Journal of Labor Economics 2013 31(S1), S97-S128 open access
This article reports on household survey measurements of the “offshorability” of jobs, defined as the ability to perform the work from abroad. We develop multiple measures of offshorability, using both self-reporting and professional coders. All measures find that roughly 25% of US jobs are offshorable. Our three preferred measures agree between 70% and 80% of the time. Professional coders appear to provide the most accurate assessments. Empirically, more educated workers appear to hold somewhat more offshorable jobs, and offshorability does not have systematic effects on either wages or the probability of layoff.

Corporate capital budgeting and CEO turnover

Journal of Corporate Finance 2013 20, 41-58
When a firm has minimal agency and informational asymmetry problems it should make efficient capital budgeting decisions. Many firms over-invest prior to CEO turnover, halt investments in the period surrounding the turnover, and then greatly increase their level of expenditures. Empirical analysis of the cross-sectional and inter-temporal variation in the quality of firms' corporate capital budgeting decision reveals that the impact of CEO turnover is asymmetric between under- and over-investing firms, and this complements the larger literature using average firm-wide performance measures. Firms are more likely to have forced turnovers when there is more over-investment prior to the turnover, and these firms make more efficient investment decisions subsequently. Board influence is largely insignificant prior to a CEO turnover but is consistently associated with higher levels of investment subsequently.

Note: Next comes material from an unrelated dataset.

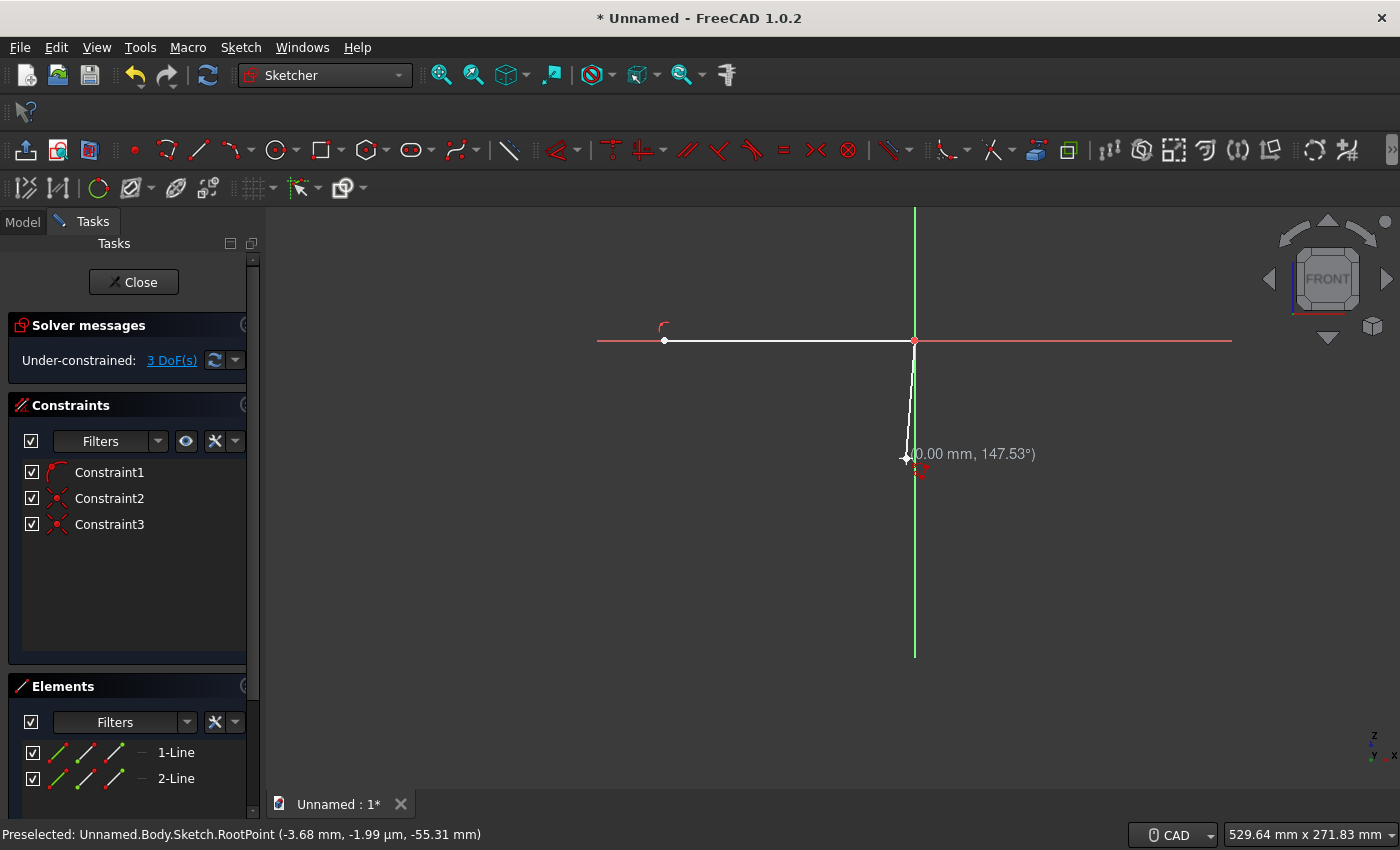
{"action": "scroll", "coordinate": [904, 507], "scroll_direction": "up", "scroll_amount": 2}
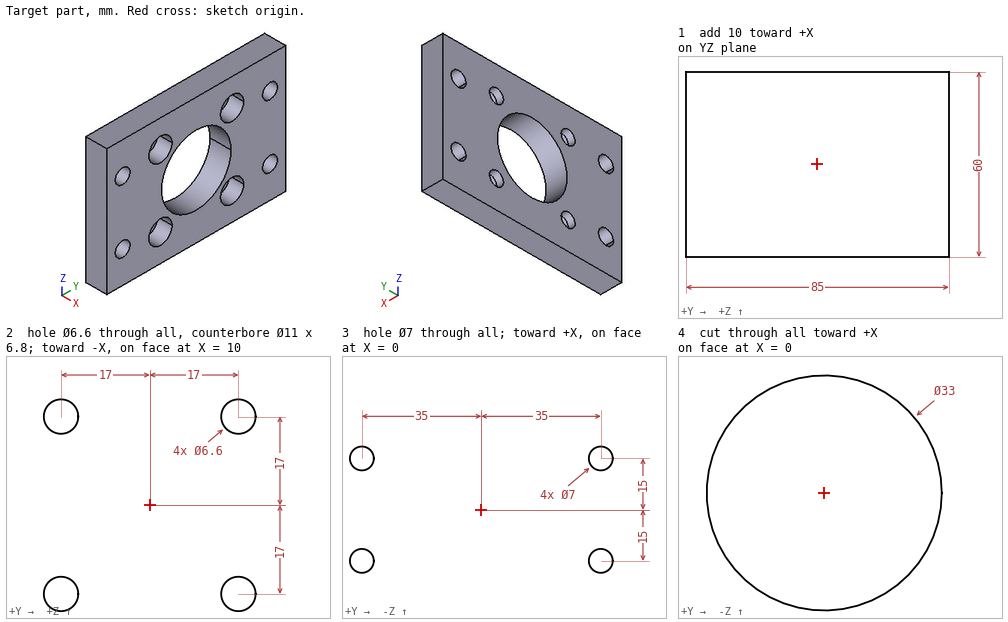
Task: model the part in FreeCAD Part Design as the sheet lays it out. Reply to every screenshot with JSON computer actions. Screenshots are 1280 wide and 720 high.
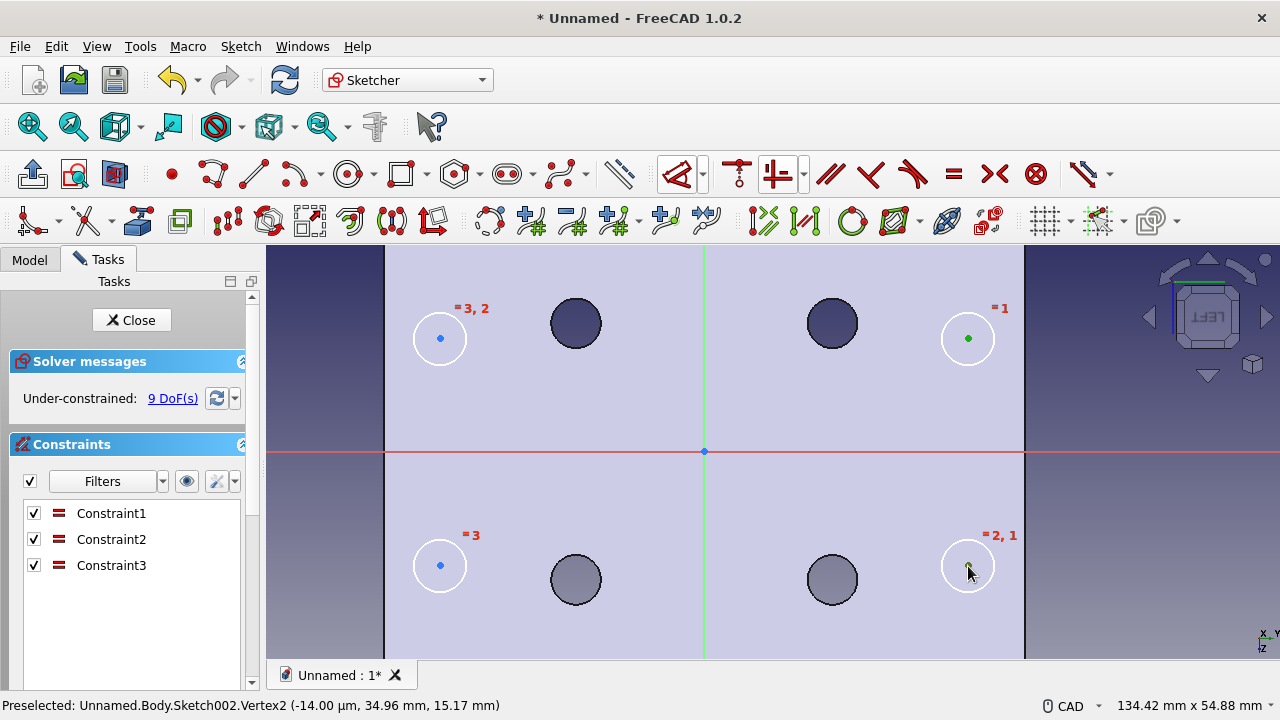
{"action": "left_click", "coordinate": [804, 174]}

Breastfeeding and Children's Early Cognitive Outcomes

The Review of Economics and Statistics 2013 95(3), 919-931
This paper investigates whether breastfeeding affects 5- to 6-year old children's cognitive development using three U.S. longitudinal data sets. The results for the full samples roughly point to a dose-response effect of breastfeeding on children's cognitive outcomes, with breastfeeding six months or more associated with about one-tenth of a standard deviation increase in cognitive test scores. The breastfeeding effects do not appear to be due to differences in maternal employment, cognitive ability, or parenting skills. In contrast, within-sibling results show no statistically significant breastfeeding effect.

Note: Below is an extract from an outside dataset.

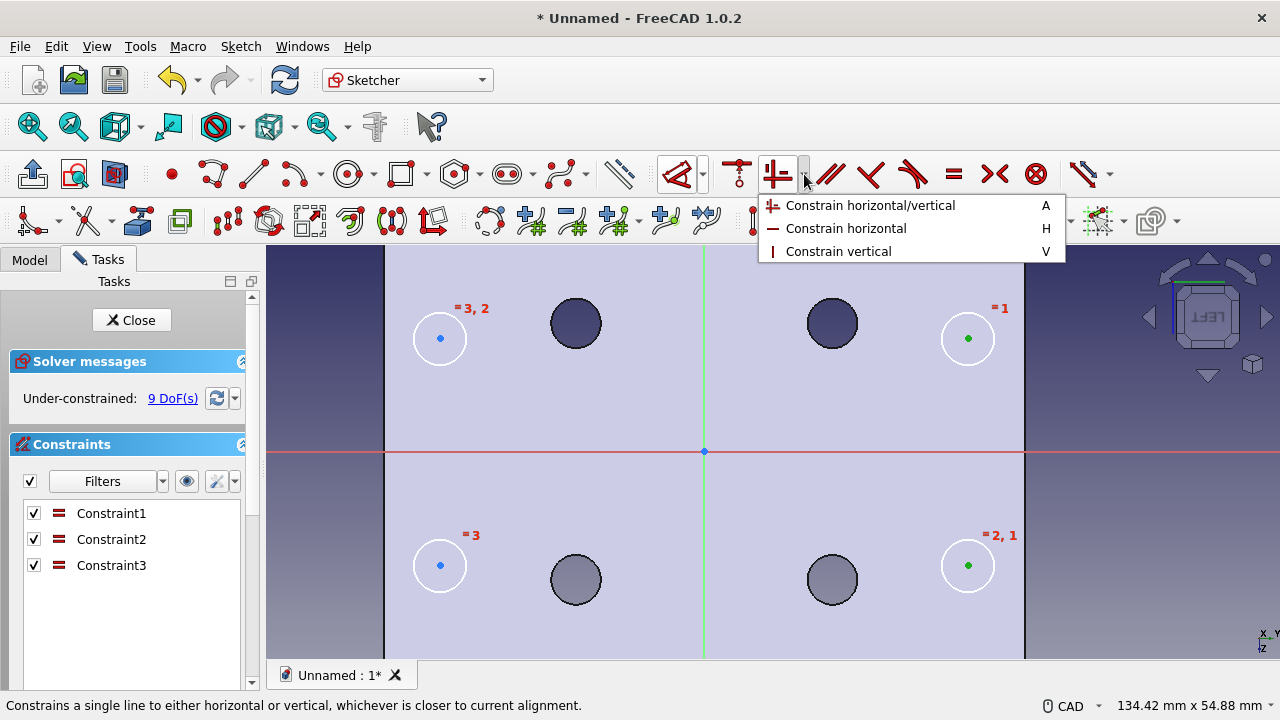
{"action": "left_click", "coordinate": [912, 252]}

New Orders and Asset Prices

Review of Financial Studies 2013 26(1), 115-157
[We investigate the asset pricing and macroeconomic implications of the ratio of new orders (NO) to shipments (S) of durable goods. NO/S measures investment commitments by firms, and high values of NO/S are associated with a business cycle peak. We find that NO/S proxies for a short-horizon component of risk premia not identified in prior work. Higher levels of NO/S forecast lower excess returns on equities and many types of bonds, at horizons from one month to one year. These effects are generally robust to the inclusion of common return predictors and are significant on an out-of-sample basis as well. We also address the term structure of risk premia by constructing a similar ratio to measure longer-term investment commitments, which predicts returns primarily at longer horizons.]

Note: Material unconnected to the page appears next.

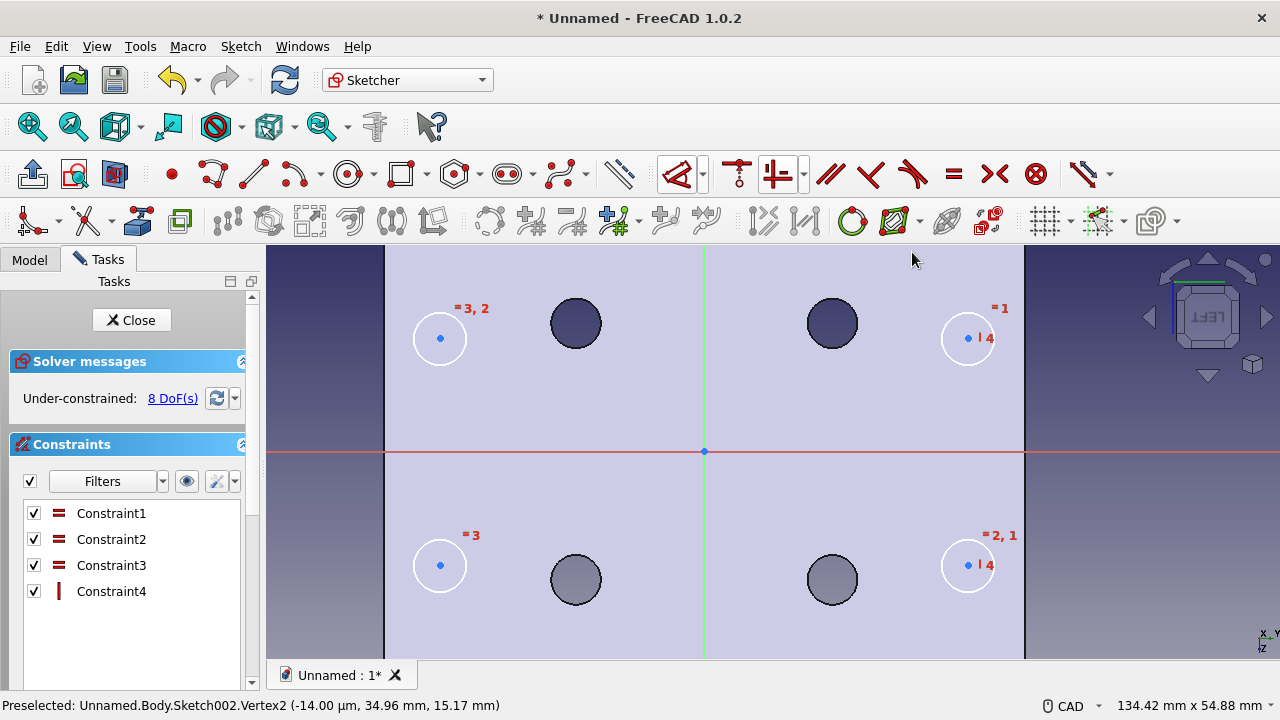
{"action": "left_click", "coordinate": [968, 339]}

Resolution of financial distress: A theory of the choice between Chapter 11 and workouts

Journal of Financial Stability 2013 9(2), 196-209
We model the reorganization decision of distressed firms. One of the novel features of our paper is that we examine the asset and liability side restructuring decisions jointly to resolve financial distress. Secondly, we model several institutional features of coping with financial distress such as debtor-in-possession financing, prepackaged bankruptcies, and asset sales. In our model, asset liquidity, indirect costs of financial distress, and the option value of equity are the determinants of the choice between Chapter 11 reorganizations and workouts. The model develops several testable predictions, some of which are novel and others of which are able to explain previously documented empirical results.